Soon after my launch, I received an invitation from the Turkish Consul General in Boston to attend a reception in celebration of the anniversary of Turkey as a Republic. Apparently a copy of Blue Voyage had made its way into his hands. With some apprehension, I made my way into Boston’s Algonquin Club. It was full of Turkish citizens and Americans, talking about not only current events, but also everything under the sun. Of course. People do not endlessly ruminate on the news. Even people who are from Turkey will eventually talk of other things. In conversing with the many people I met, I did not mention my novel. My book had given me an open door to attend this event, and I was grateful for that. There was no other reason I would have been invited. Yet now I had a unique opportunity to listen to others and to learn. I could enjoy listening to other people’s stories. Personal stories. And I was reminded of why I had fallen in love with Turkey, why I had set my novel there. Turkey, like anywhere, is far more than its news.
Near the end of the reception, I got to meet the Consul General himself. He shook my hand and thanked me for having written Blue Voyage. He said he hoped it would get young people interested in Turkish culture. He smiled and added, “Because you write fiction, you are a builder of bridges. Thank you for helping to make this bridge between the U.S. and Turkey.”
The novelist may not be able to save lives or to have the immediate impact that finances, food, and medicine can have. But we do important repair work in the realm of the imagination. We can spark interest in a place, respect for a culture, empathy for a people. We can build bridges. Maybe we can even airlift readers’ hearts to safety.

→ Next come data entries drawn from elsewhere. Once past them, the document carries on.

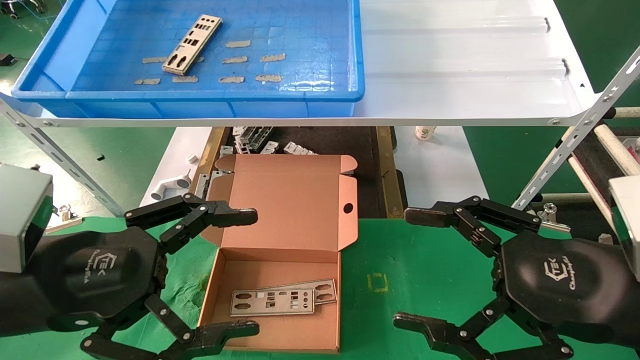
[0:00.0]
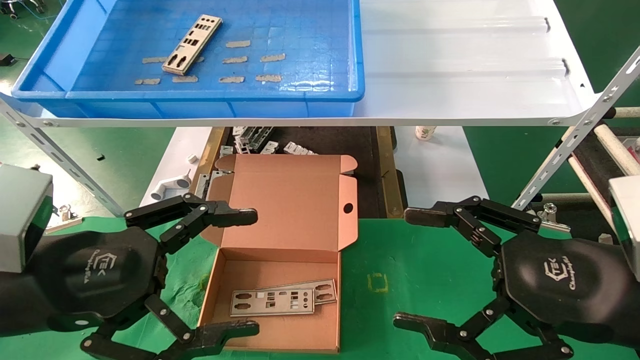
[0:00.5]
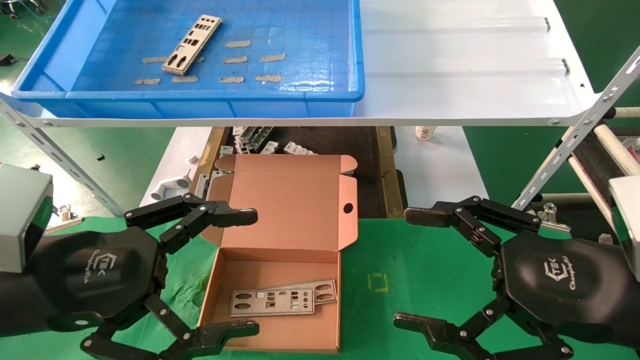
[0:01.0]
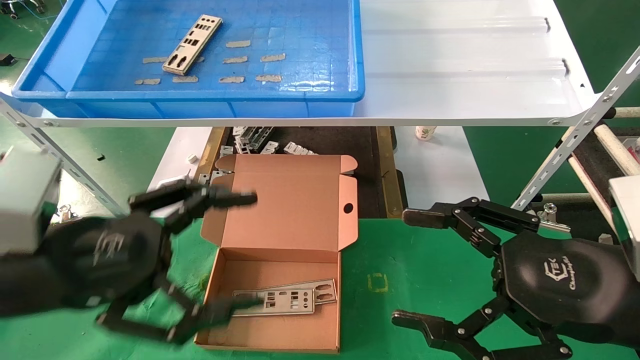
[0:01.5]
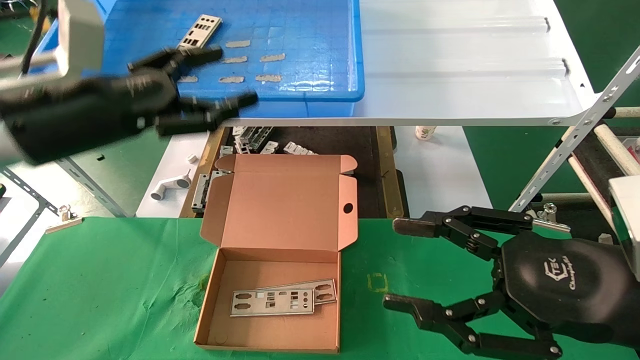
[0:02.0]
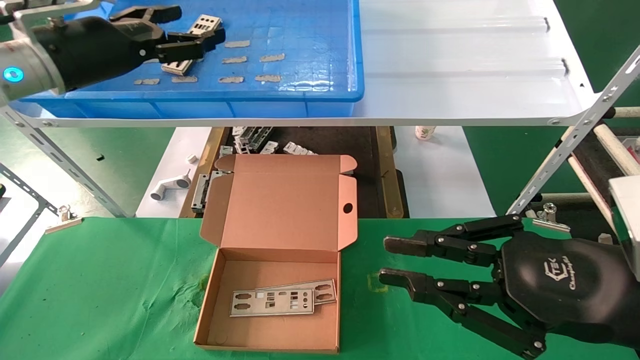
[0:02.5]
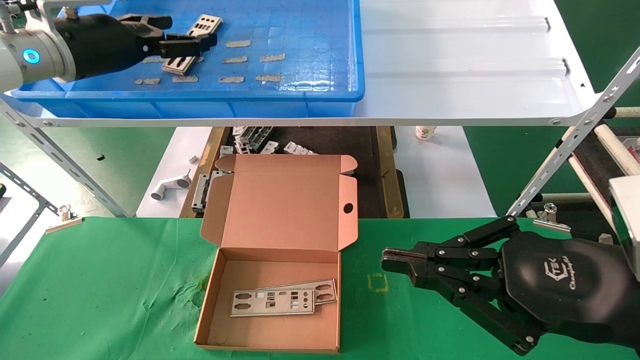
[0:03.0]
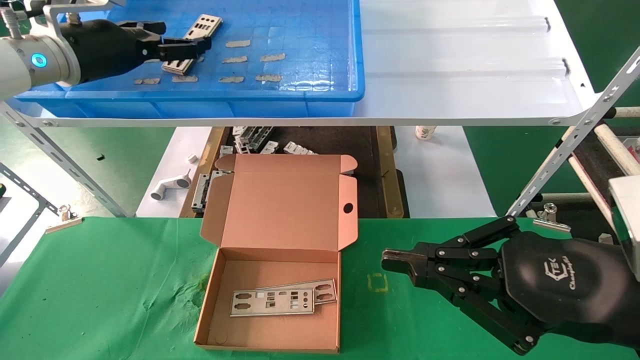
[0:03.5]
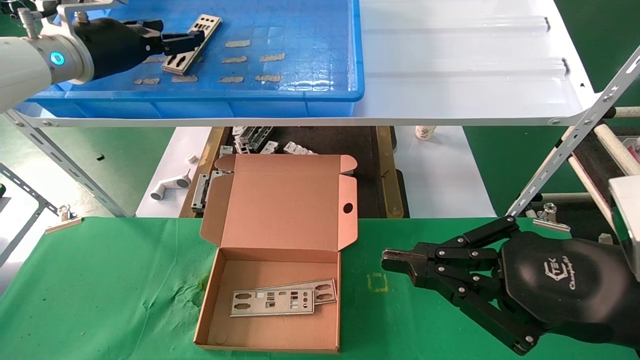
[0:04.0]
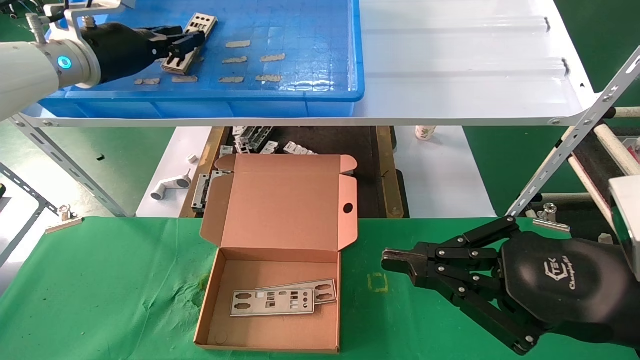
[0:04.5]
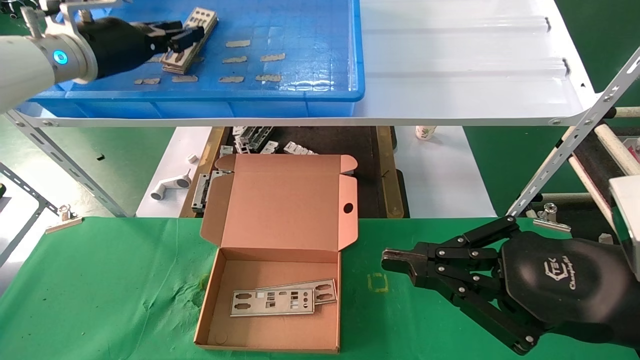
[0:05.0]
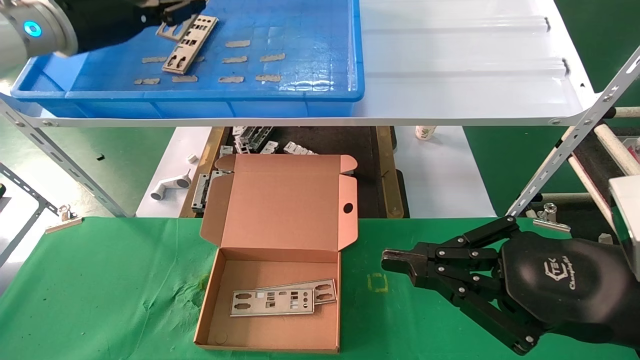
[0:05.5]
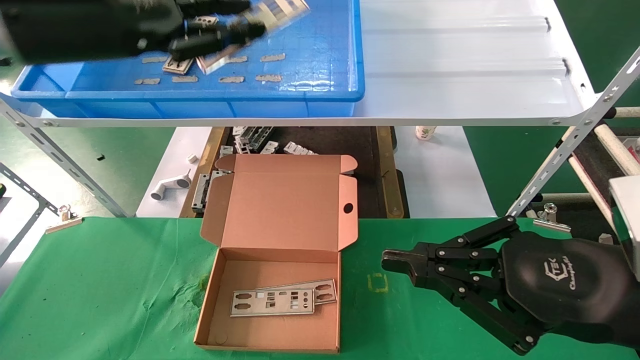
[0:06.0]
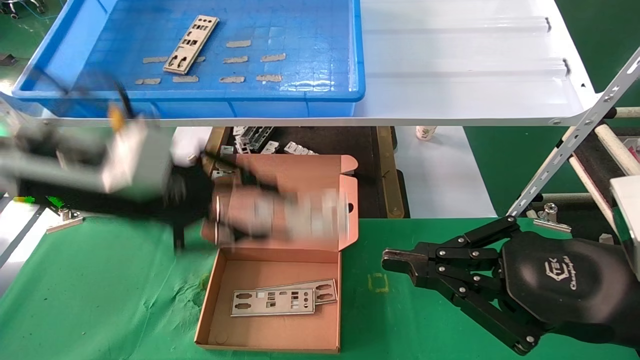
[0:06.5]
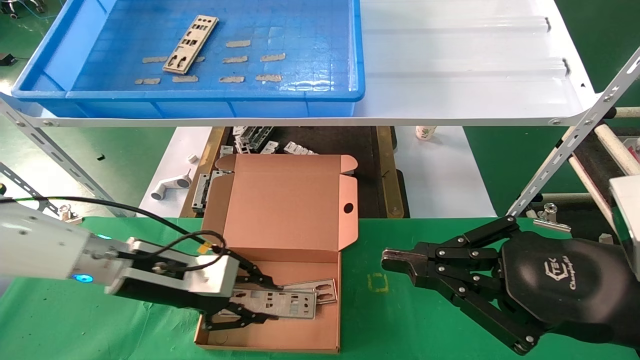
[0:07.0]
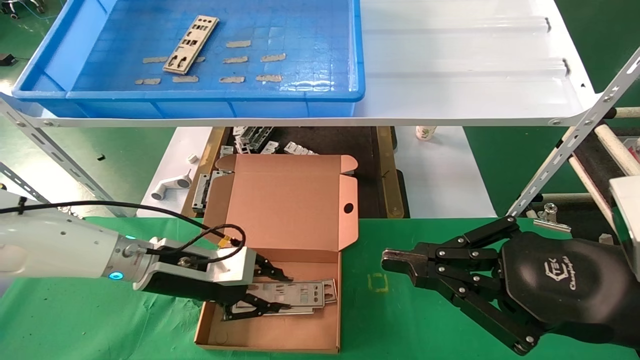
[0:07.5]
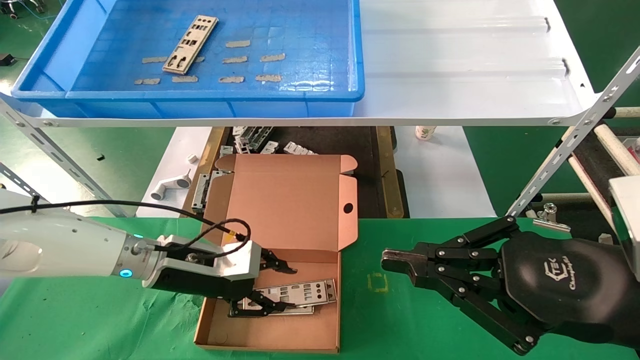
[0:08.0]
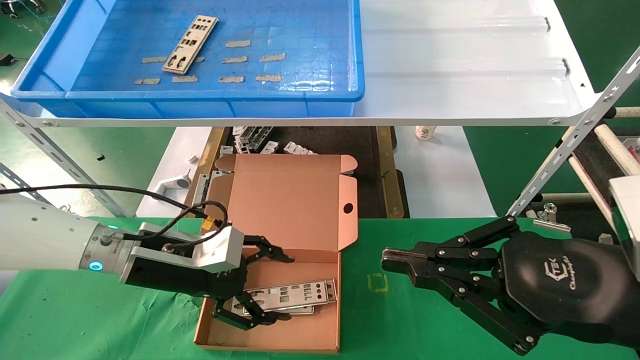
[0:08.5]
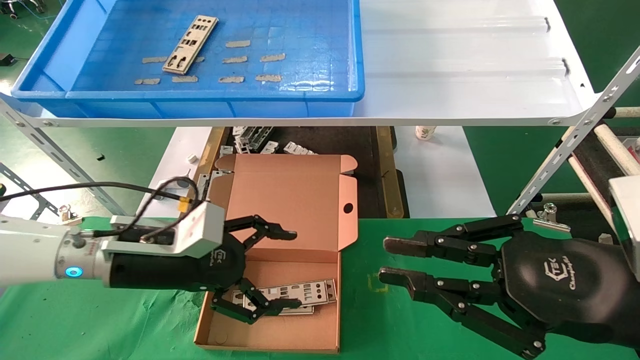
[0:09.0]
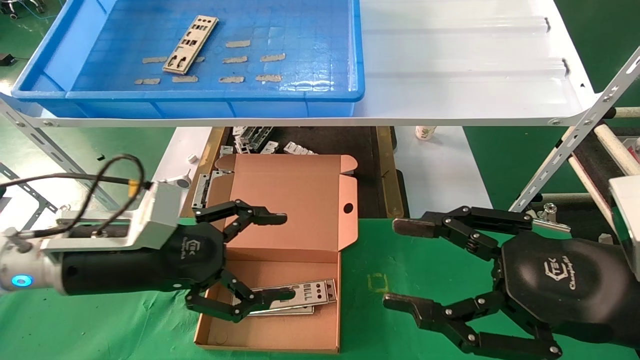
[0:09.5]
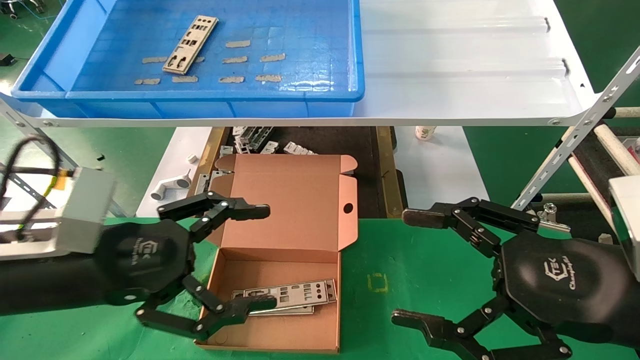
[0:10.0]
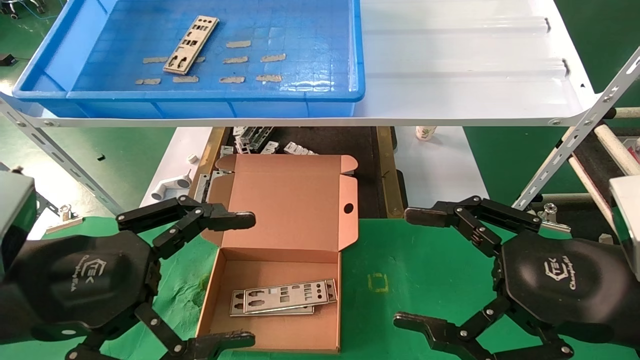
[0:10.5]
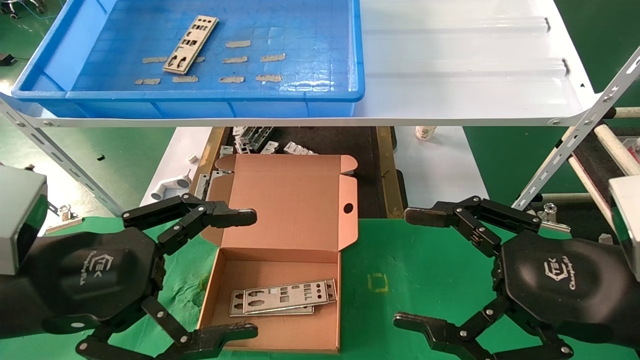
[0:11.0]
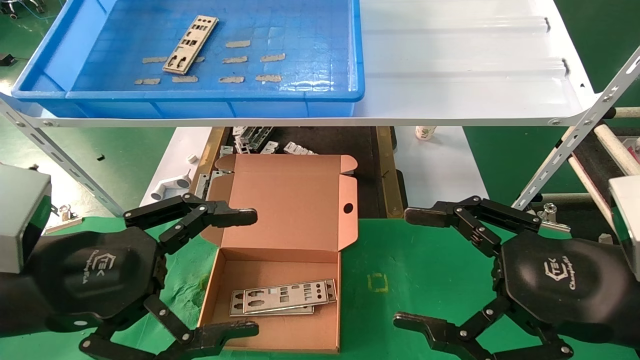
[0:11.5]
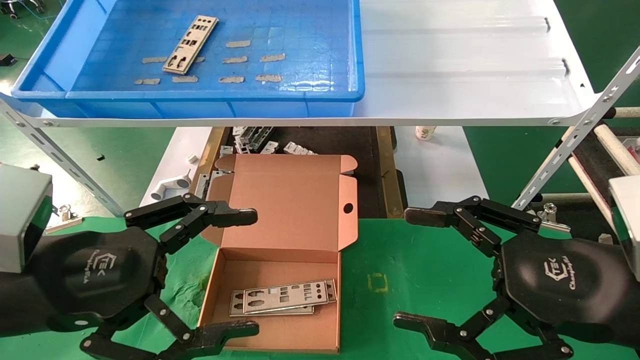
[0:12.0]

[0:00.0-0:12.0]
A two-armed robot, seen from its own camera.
Task of the whole recording: pick up the parts on the tray and put them in the cardboard box.
Step, 0:02.0 to 0:05.0: Pick up the IO bracket from the container box.
Step, 0:05.5 to 0:08.0: Place the IO bracket into the ingredient slot.
0:00.0 to 0:02.0: The left gripper shifts some 15 cm forward and upward.
0:02.0 to 0:04.0: The left gripper shifts some 15 cm forward and upward; the right gripper closes up.
0:04.0 to 0:06.0: The left gripper shifts about 10 cm backward, and closes up.
0:06.0 to 0:08.0: The left gripper goes about 30 cm downward.
0:08.0 to 0:10.0: The right gripper opens up. Meanwhile the left gripper goes about 15 cm backward and upward, and opens.
0:10.0 to 0:12.0: There are only small adjustments of the grippers.

This is not to say I am no longer rattled by current events as they impact the settings of my novels. Last month, a suicide bomber set off an explosion in Istanbul’s Sultanahmet district. Ten tourists died. It happened in the heart of old Istanbul, and the heart of my novel, where my main character stays in her aunt’s hotel. Where she falls for a boy, where she unravels a mystery, where she makes an important friend. It’s a beautiful part of the city, steeped in mystery and history. I once sat in that very spot myself, eating Turkish pastries, marveling at how lucky I was to visit such a place, and dreaming of a story I might set there someday.

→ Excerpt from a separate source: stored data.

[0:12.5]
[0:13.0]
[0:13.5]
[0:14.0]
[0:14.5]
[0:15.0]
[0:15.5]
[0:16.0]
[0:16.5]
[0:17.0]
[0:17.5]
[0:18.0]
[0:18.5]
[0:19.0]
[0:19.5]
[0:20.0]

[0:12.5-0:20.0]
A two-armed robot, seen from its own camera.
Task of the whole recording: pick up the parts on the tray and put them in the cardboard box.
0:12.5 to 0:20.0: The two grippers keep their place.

The area around the Hippodrome is now roped off, a crime scene, the site of tragedy. It pains me to see the pictures and to read about the ongoing investigation. I force myself to read those stories; they are important to learn. But it offers me a little comfort to know the heart of that Istanbul neighborhood still beats strong in my novel. There, the ground is not bloodstained or covered in shrapnel. There, in the fictional terrain of the novel, I hope young readers can discover the way it was, and the way it might be again.